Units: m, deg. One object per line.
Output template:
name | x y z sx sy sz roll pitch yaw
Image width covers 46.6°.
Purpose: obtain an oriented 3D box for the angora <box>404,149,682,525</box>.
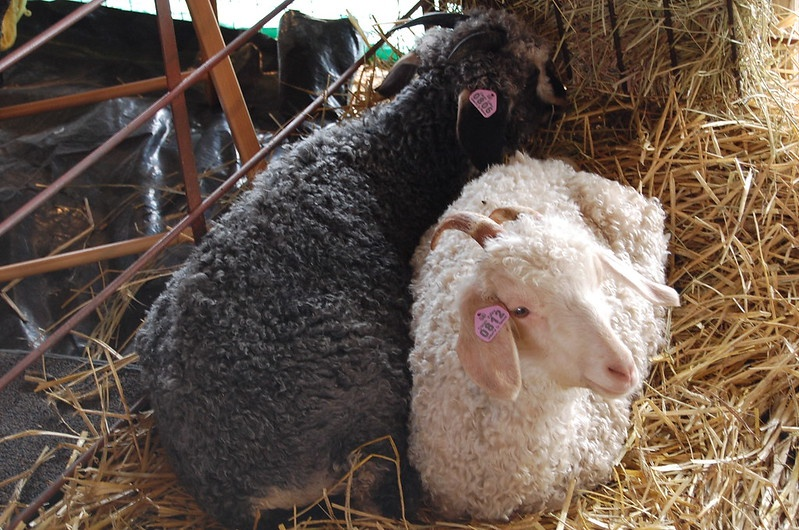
angora | 0.674 0.332 4.935 1.330 1.260 1.801 5 60 -1

____________

- [Work to be completed] Copy out the entries exactly. No pictures.

- [Your response]
Units: m, deg. One object per line.
Output template:
name | x y z sx sy sz roll pitch yaw
Image width covers 46.6°.
Purpose: obtain an oriented 3D box for the angora <box>404,149,682,525</box>.
angora | 0.674 0.332 4.935 1.330 1.260 1.801 5 60 -1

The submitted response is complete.